Take every line from the records below that includes the word "whole".

[Recorded data]
--------------------------------------------------
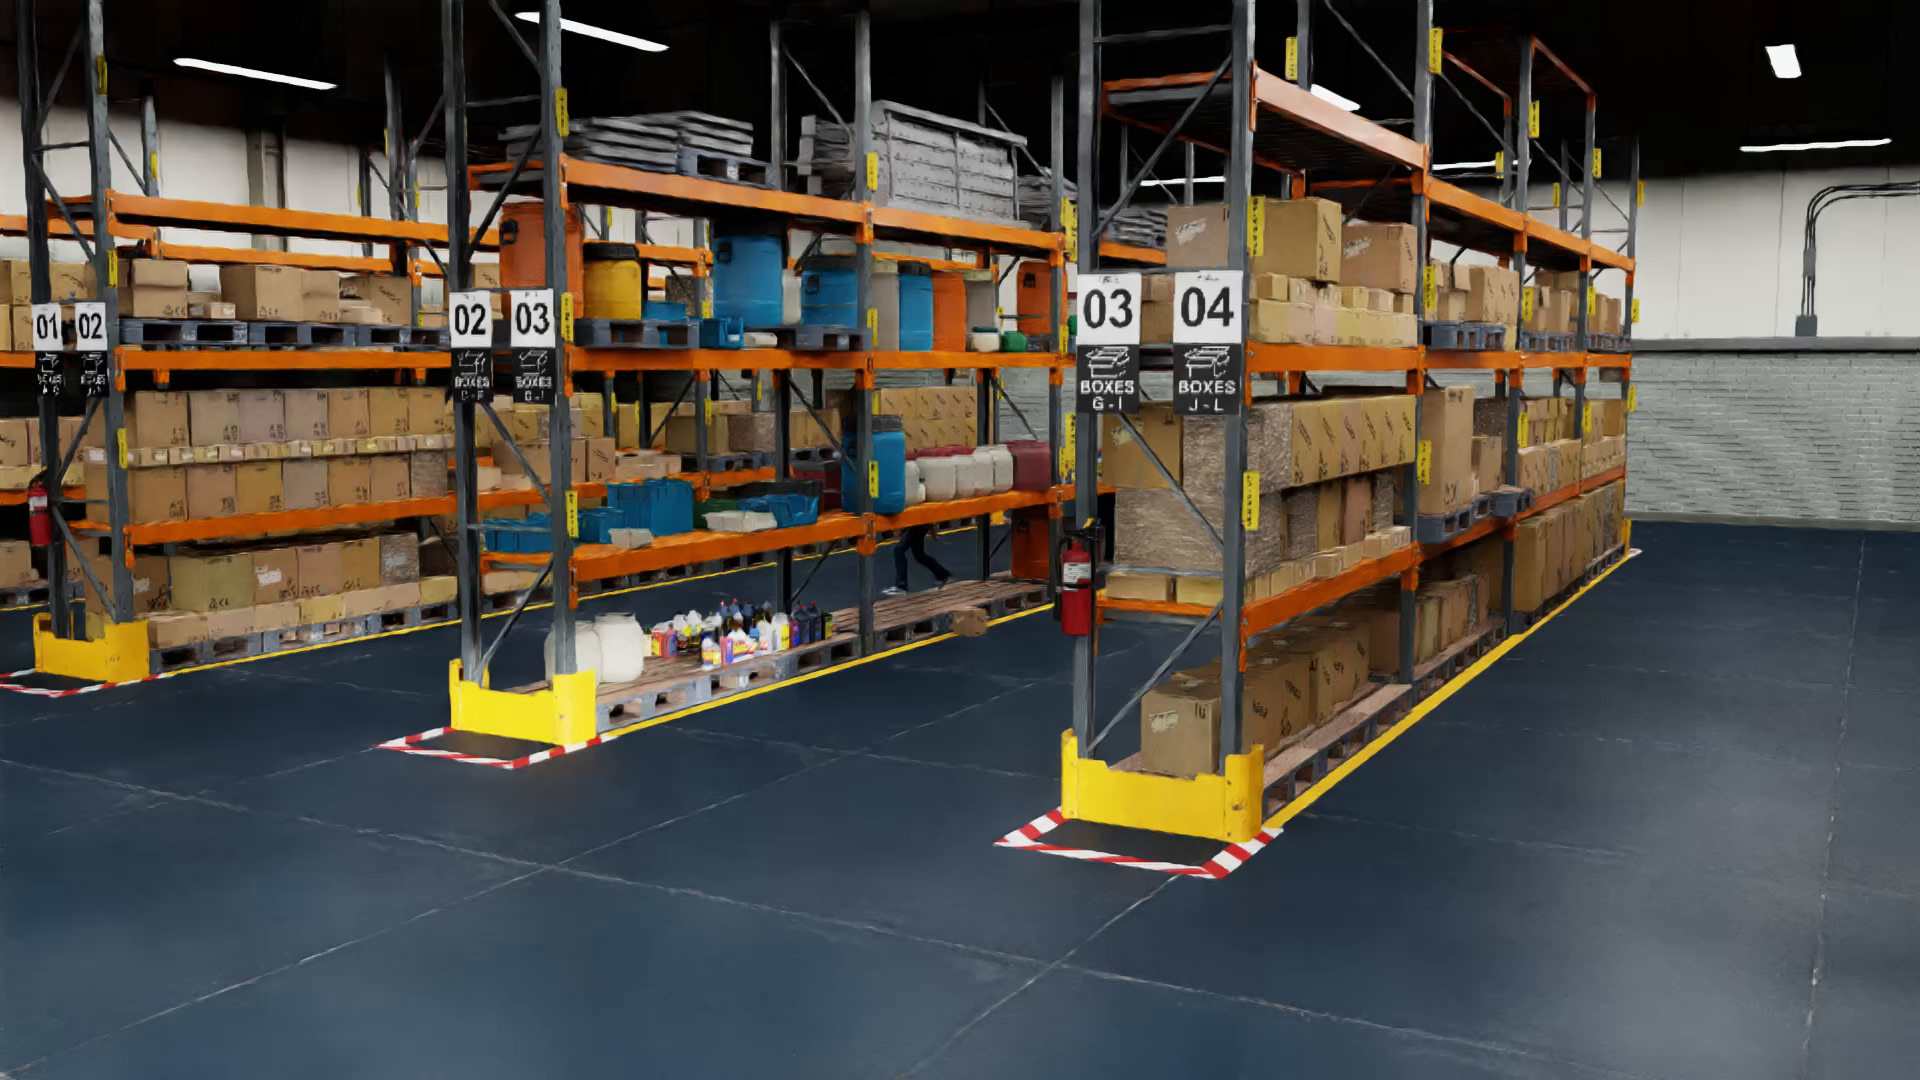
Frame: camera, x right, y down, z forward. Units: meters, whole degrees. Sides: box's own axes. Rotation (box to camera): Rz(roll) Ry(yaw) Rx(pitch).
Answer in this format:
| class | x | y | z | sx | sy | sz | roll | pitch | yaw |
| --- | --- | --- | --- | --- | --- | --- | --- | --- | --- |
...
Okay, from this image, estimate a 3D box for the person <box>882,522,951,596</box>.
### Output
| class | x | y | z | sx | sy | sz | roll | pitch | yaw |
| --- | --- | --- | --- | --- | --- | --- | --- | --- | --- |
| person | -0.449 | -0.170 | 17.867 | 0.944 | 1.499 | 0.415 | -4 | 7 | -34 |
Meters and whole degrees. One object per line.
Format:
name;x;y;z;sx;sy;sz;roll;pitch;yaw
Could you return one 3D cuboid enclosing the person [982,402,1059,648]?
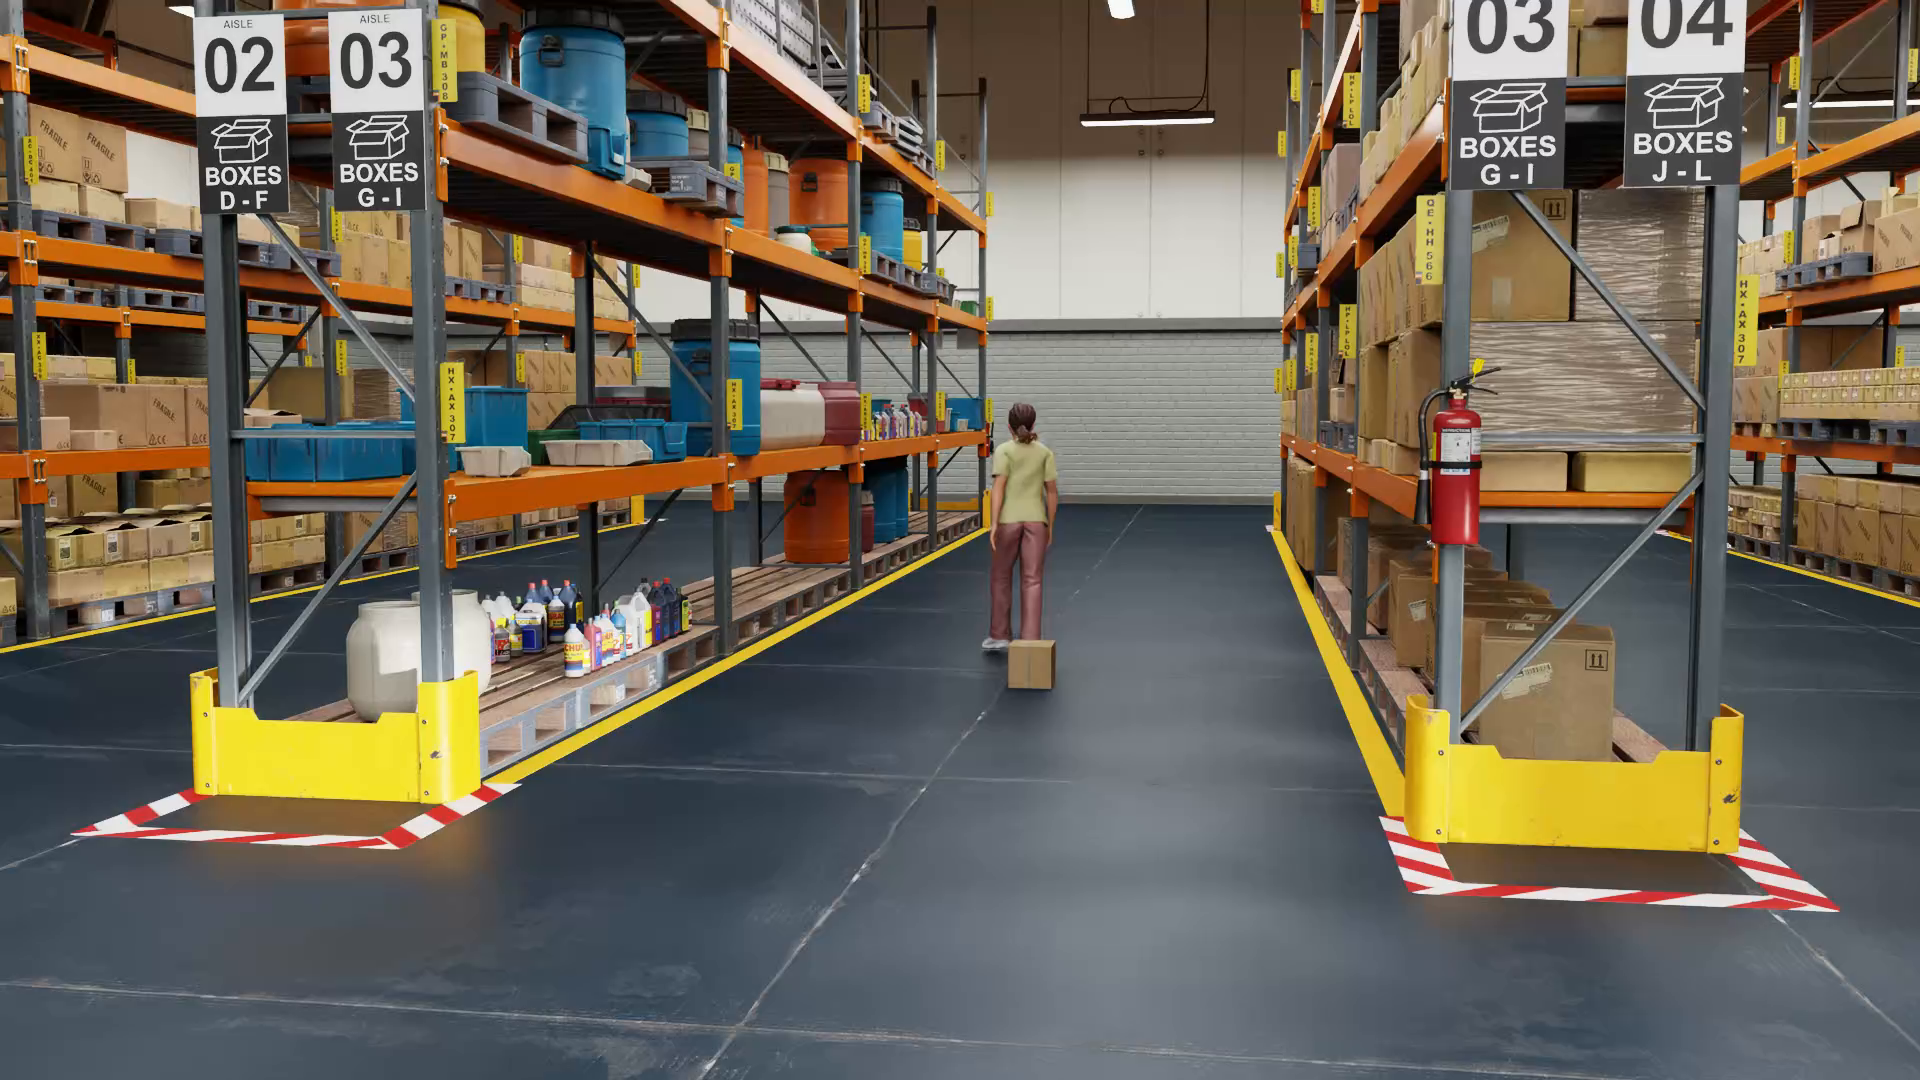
--------------------------------------------------
Answer below -
Frame: camera, x right, y down, z forward. Units: meters, whole degrees. Sides: box's own axes. Rotation (box to camera): Rz(roll) Ry(yaw) Rx(pitch).
Meters and whole degrees. One object per line.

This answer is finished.